Inhibitory amino acids

The Gamma-amino butyrate (GABA) and glycine are the main inhibitory amino acids in the CNS with glycine containing higher abundance in brainstem and spinal cord than the forebrain. Many pathways incuded in motor control are GABAergic, as most of the interneurons in both cerebral and cerebellar cortices, and the Purkinje cells which provide the whole output of the cerebellar cortex which is shown in table below:

The GABA is synthesized from glutamate by glutamic acid decarboxylase (GAD), an enzyme virtually limited to GABAergic neurons. After release it is taken up by the transporters into both glia and neurons. It is catabolized to succinic the semi-aldehyde by mitochondrial enzyme GABA transaminase as shown in figure below.

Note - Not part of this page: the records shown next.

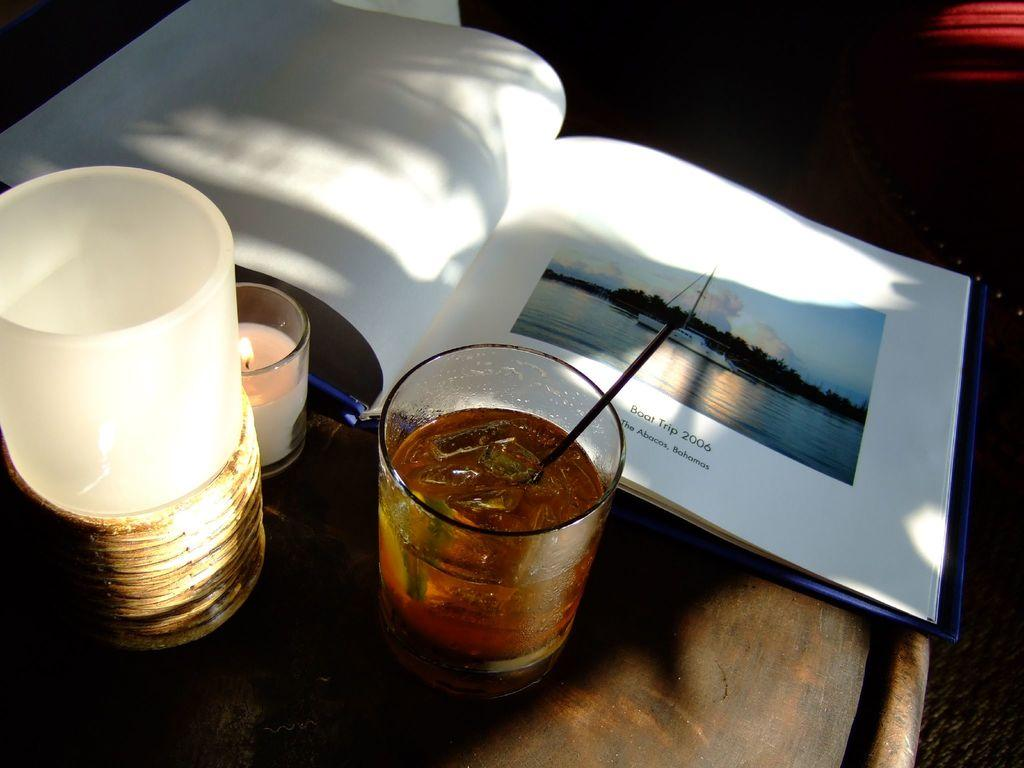Provide a one-sentence caption for the provided image. An album opened up to a page for a boat trip that was taken to the Bahamas is on a table next to a drink and a candle. 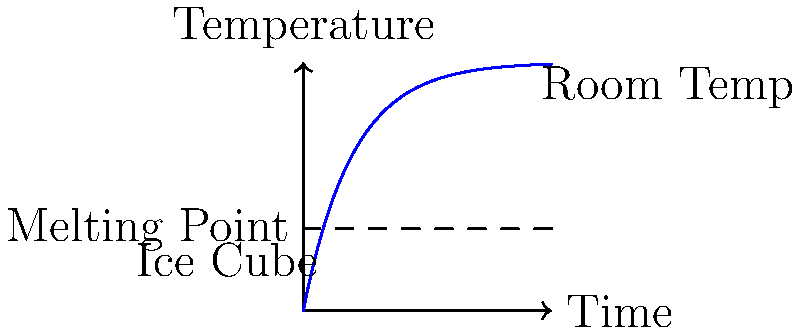In a time-lapse experiment, you're observing an ice cube melting at room temperature. The graph shows the temperature change over time. If the melting point of ice is 0°C (32°F) and room temperature is 20°C (68°F), estimate how long it would take for the ice cube to completely melt based on the curve shown. To estimate the melting time, let's follow these steps:

1. Understand the graph:
   - The x-axis represents time, and the y-axis represents temperature.
   - The blue curve shows how the temperature of the ice cube changes over time.

2. Identify key points:
   - The melting point of ice (0°C or 32°F) is about 1/3 of the way up the y-axis.
   - Room temperature (20°C or 68°F) is near the top of the graph.

3. Analyze the curve:
   - The curve starts steep and then gradually levels off.
   - This represents the ice cube warming quickly at first, then more slowly as it approaches room temperature.

4. Estimate the melting time:
   - The ice cube will be fully melted when its temperature reaches the melting point (0°C or 32°F).
   - This occurs where the curve intersects the dashed line representing the melting point.
   - From the graph, this intersection appears to be around 40-50% of the way along the x-axis.

5. Conclude:
   - Since the x-axis represents the total time of the experiment, we can estimate that the ice cube will be fully melted about halfway through the time-lapse.
   - This would be approximately 50% of the total experiment time.
Answer: Approximately 50% of the total experiment time 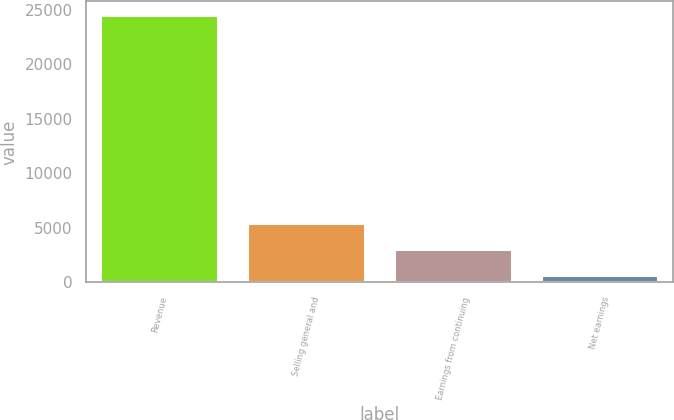<chart> <loc_0><loc_0><loc_500><loc_500><bar_chart><fcel>Revenue<fcel>Selling general and<fcel>Earnings from continuing<fcel>Net earnings<nl><fcel>24548<fcel>5473.6<fcel>3089.3<fcel>705<nl></chart> 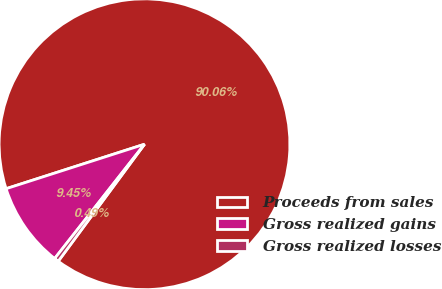Convert chart to OTSL. <chart><loc_0><loc_0><loc_500><loc_500><pie_chart><fcel>Proceeds from sales<fcel>Gross realized gains<fcel>Gross realized losses<nl><fcel>90.06%<fcel>9.45%<fcel>0.49%<nl></chart> 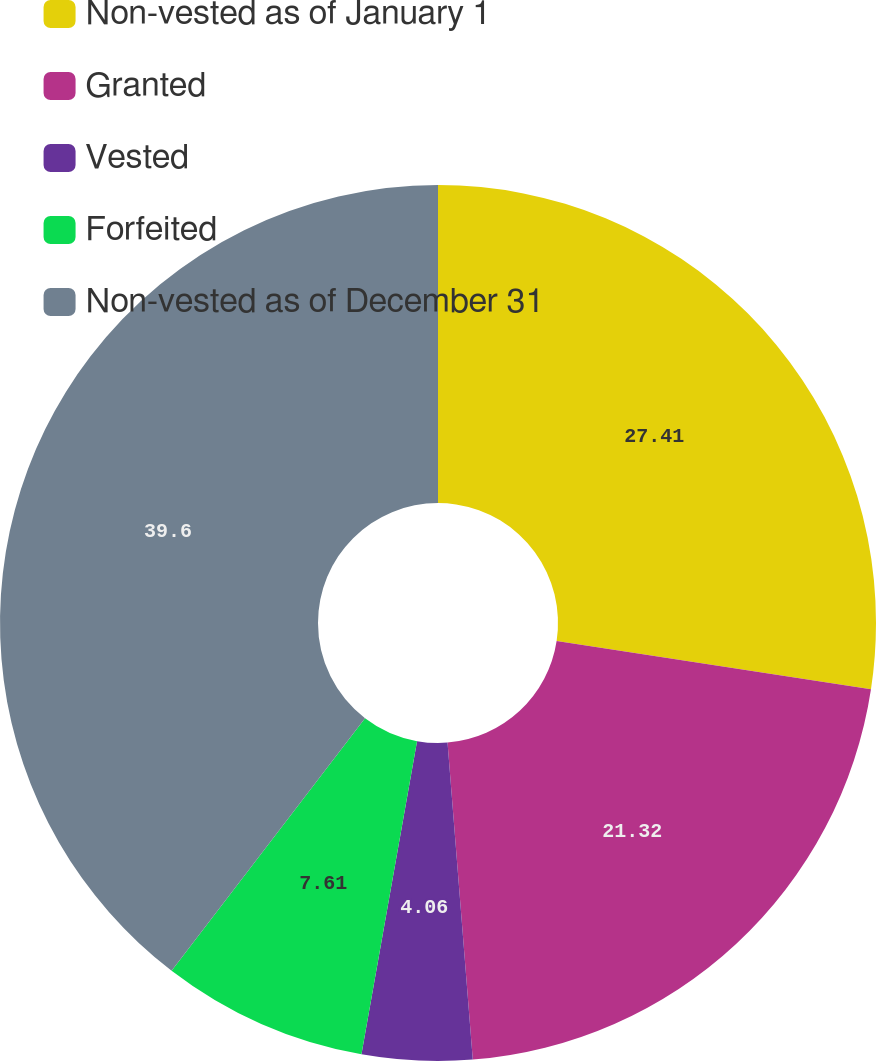<chart> <loc_0><loc_0><loc_500><loc_500><pie_chart><fcel>Non-vested as of January 1<fcel>Granted<fcel>Vested<fcel>Forfeited<fcel>Non-vested as of December 31<nl><fcel>27.41%<fcel>21.32%<fcel>4.06%<fcel>7.61%<fcel>39.59%<nl></chart> 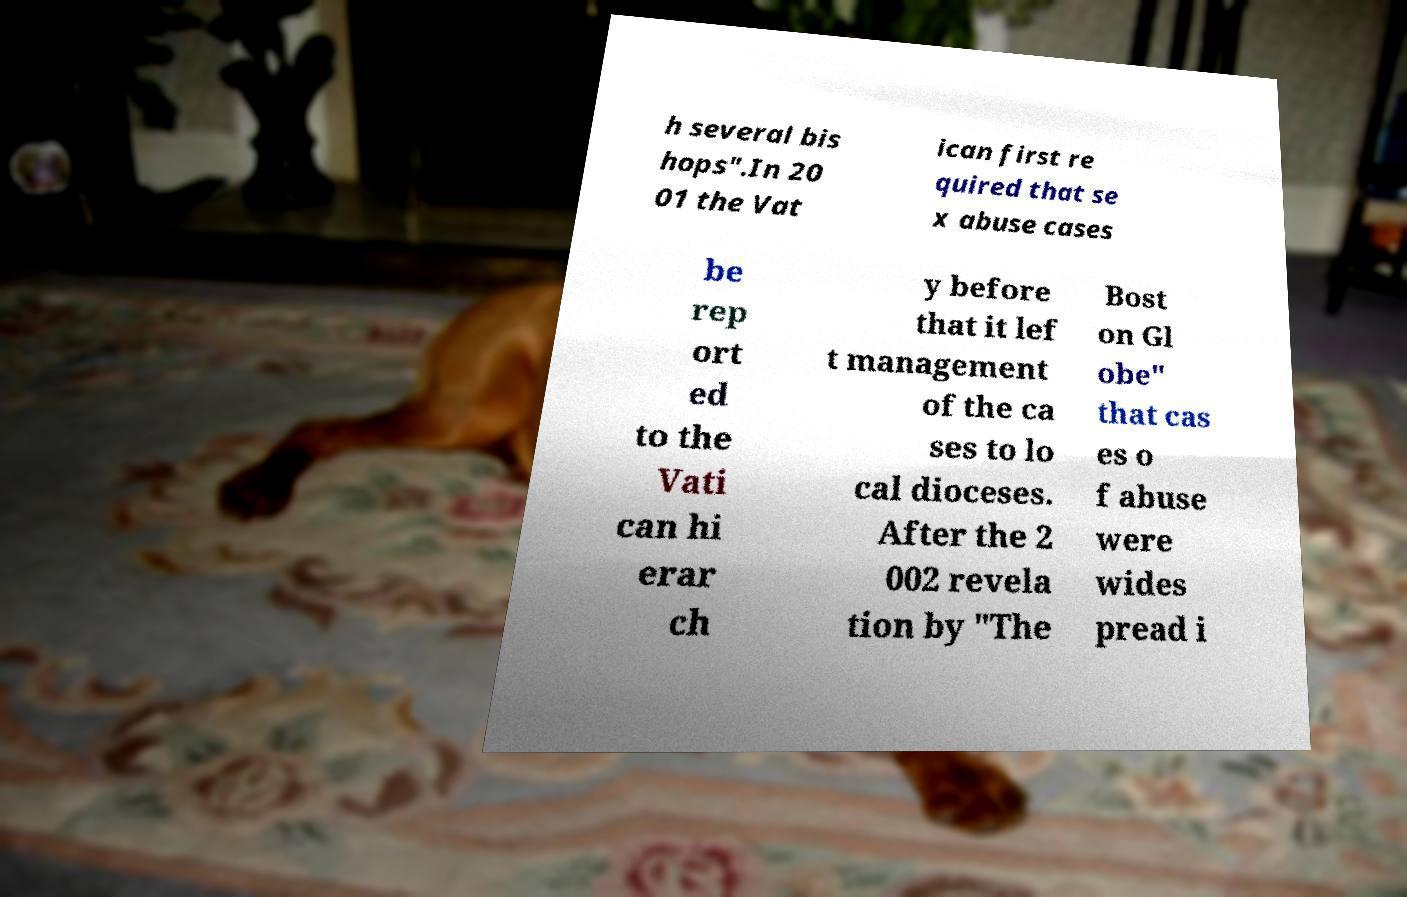Could you extract and type out the text from this image? h several bis hops".In 20 01 the Vat ican first re quired that se x abuse cases be rep ort ed to the Vati can hi erar ch y before that it lef t management of the ca ses to lo cal dioceses. After the 2 002 revela tion by "The Bost on Gl obe" that cas es o f abuse were wides pread i 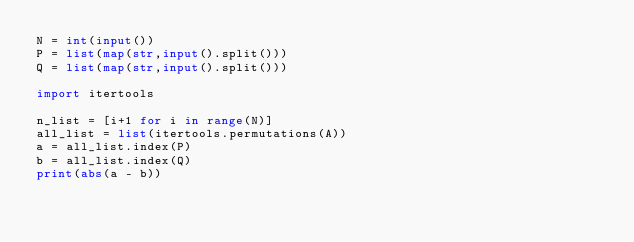Convert code to text. <code><loc_0><loc_0><loc_500><loc_500><_Python_>N = int(input())
P = list(map(str,input().split()))
Q = list(map(str,input().split()))

import itertools
 
n_list = [i+1 for i in range(N)]
all_list = list(itertools.permutations(A))
a = all_list.index(P)
b = all_list.index(Q)
print(abs(a - b))
</code> 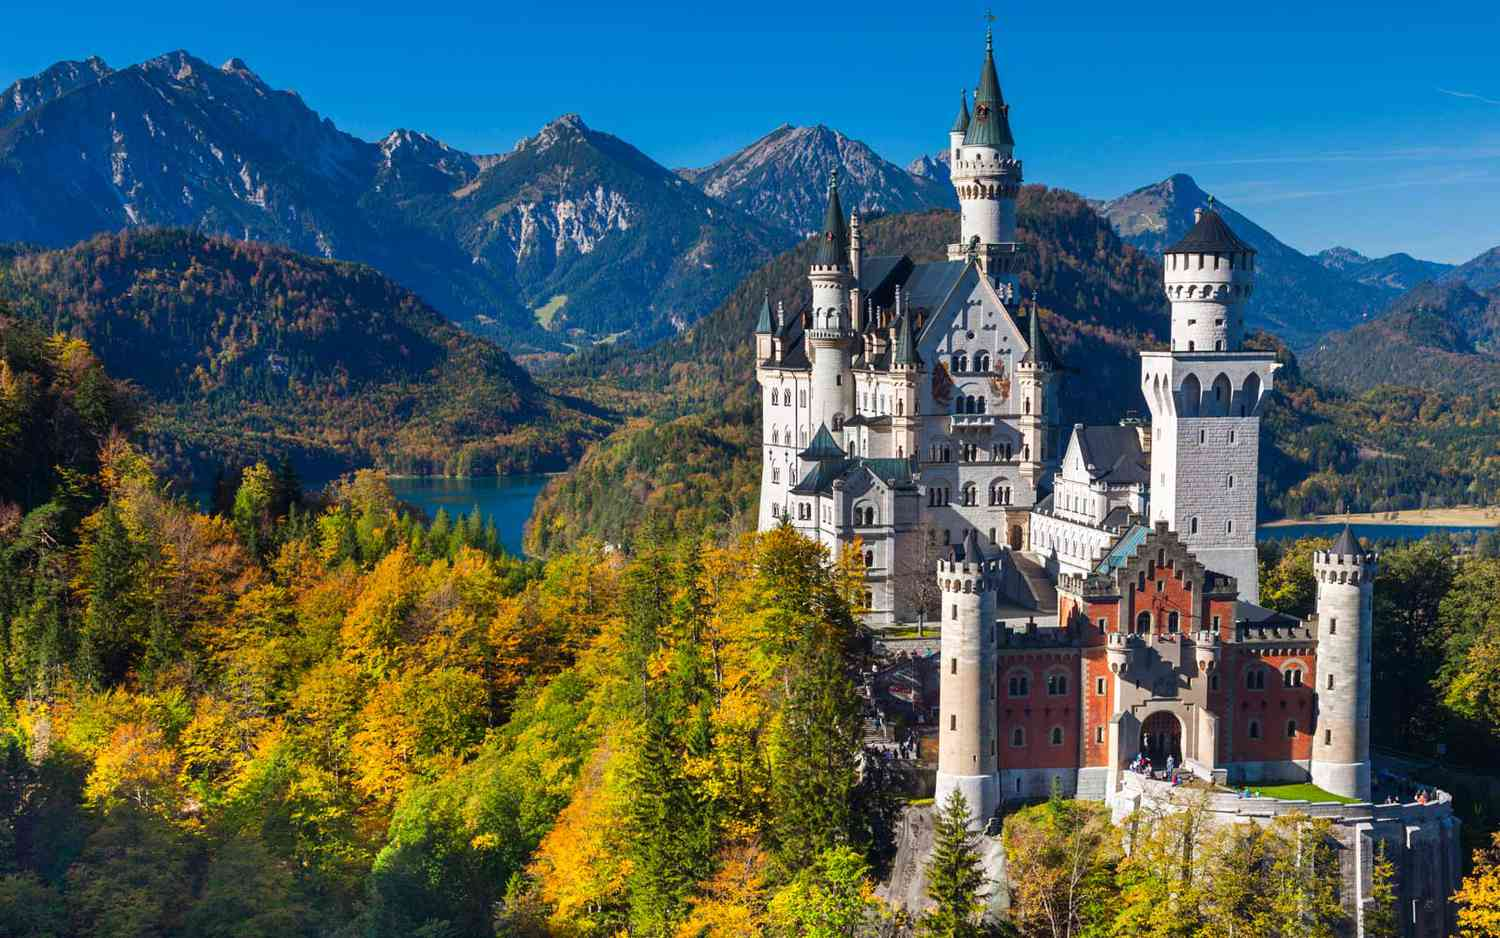Describe the following image. The image showcases the stunning Neuschwanstein Castle, a 19th-century Romanesque Revival palace that majestically sits atop a rugged hill near the village of Hohenschwangau in southwest Bavaria, Germany. The castle's pristine white façade beautifully contrasts against the clear blue sky, while its red roofs introduce a delightful burst of color. A series of ornate turrets and towers accentuate the castle’s grandeur.

Photographed from a distance, the image allows us to appreciate the full expanse of the castle and its surrounding landscape. Enveloped by lush, vibrant autumn foliage, the scene is further enriched by a placid lake and towering mountains in the backdrop. This picturesque setting highlights both the architectural elegance of the 19th century and the enduring natural beauty of Bavaria, capturing a timeless allure that speaks of historical opulence and scenic splendor.

Figure: GABA shunt. GAD=glutamic acid decarboxylase; glu, glutamate; GABA-T, GABA=transaminase; gln=glutamine. 

The GABA acts on GABAA receptors which are ligand-gated chloride channels and GABAB receptors which are GPCRs. Naturally, responses of these two classes of receptor can be discriminated by the GABAA antagonist bicuculline and the GABAB agonist baclofen.

The Neurotransmitter glycine is synthesized from serine by mitochondrial serine transhydroxymethylase. The Glycine transporters eliminate it from the synapse. In the spinal cord the Renshaw cells state nAChR and are excited by collaterals of motor neurons. The Renshaw cells use glycine as a transmitter and reduce the motor neurons which excite them, among the others. This is an illustration of recurrent inhibition. It serves to dampen the result of motor neurons. The glycine receptors resemble the GABAA receptors and are a Cl- channel. It is blocked by strychnine. Furthermore tetanus toxin blocks glycine release. Both of these agents are convulsants as they eliminate Renshaw cell inhibition.